Segment Start: Task input
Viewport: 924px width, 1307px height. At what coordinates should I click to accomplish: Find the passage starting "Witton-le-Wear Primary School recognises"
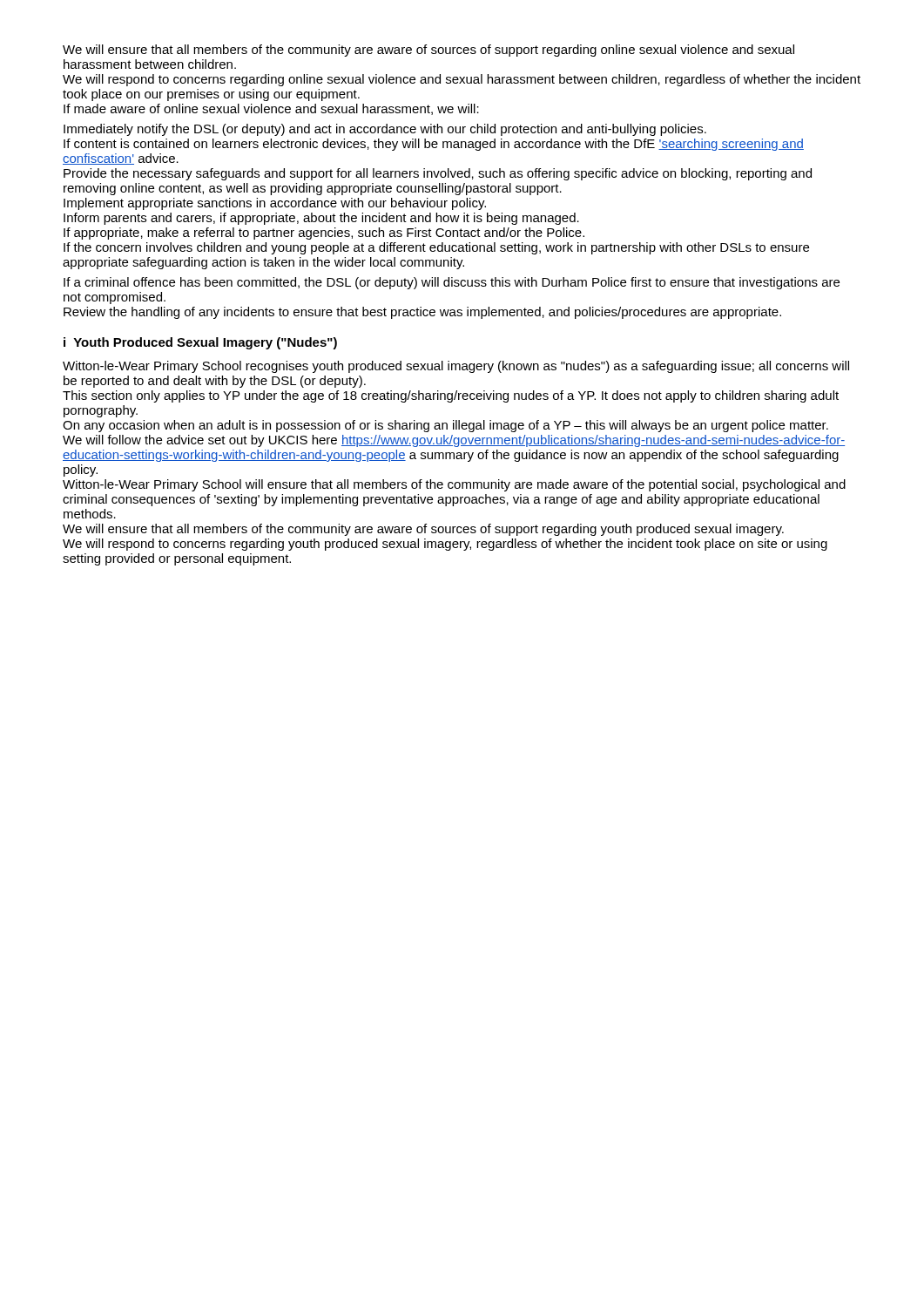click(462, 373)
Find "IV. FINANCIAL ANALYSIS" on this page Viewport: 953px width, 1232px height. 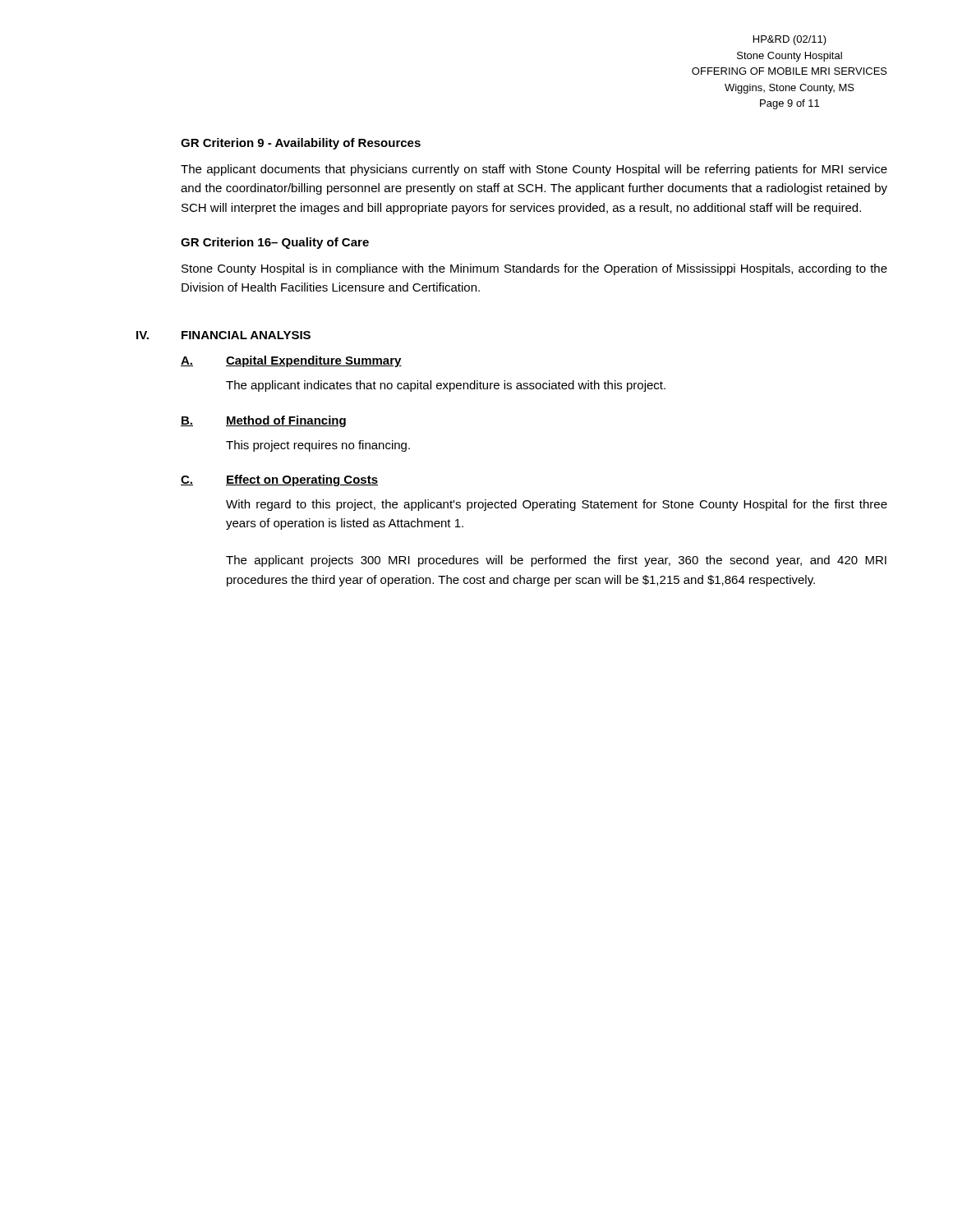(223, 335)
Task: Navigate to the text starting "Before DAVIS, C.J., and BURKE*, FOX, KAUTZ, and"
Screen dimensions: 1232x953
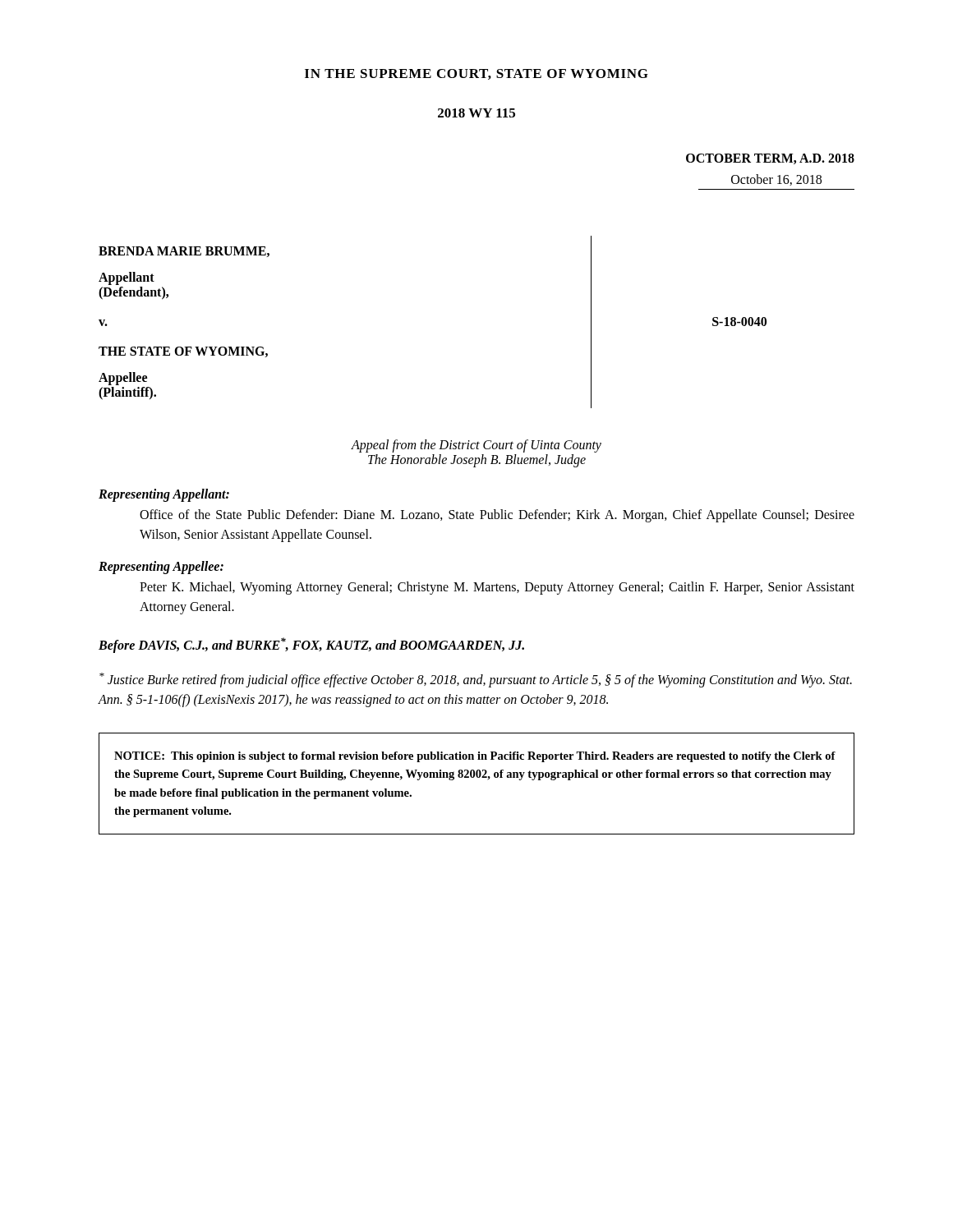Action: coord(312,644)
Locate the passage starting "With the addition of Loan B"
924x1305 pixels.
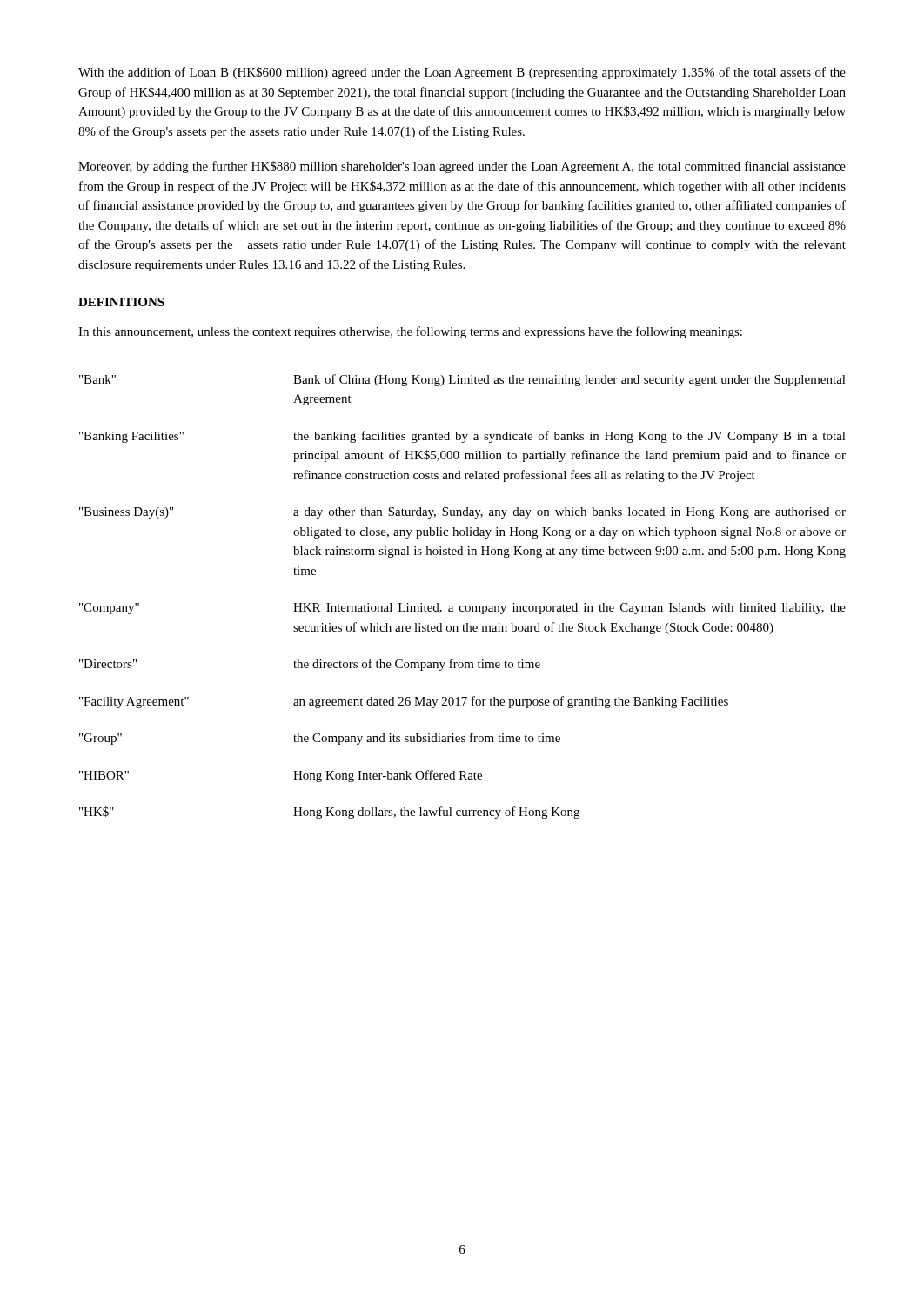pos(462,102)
Segment End: Task input
Print again, word for word, every line from the line with "Locate the passage" to the final line of the records, inclusive; skip the pictures.

**Your solution:**
Locate the passage starting "With the addition of Loan B"
924x1305 pixels.
pos(462,102)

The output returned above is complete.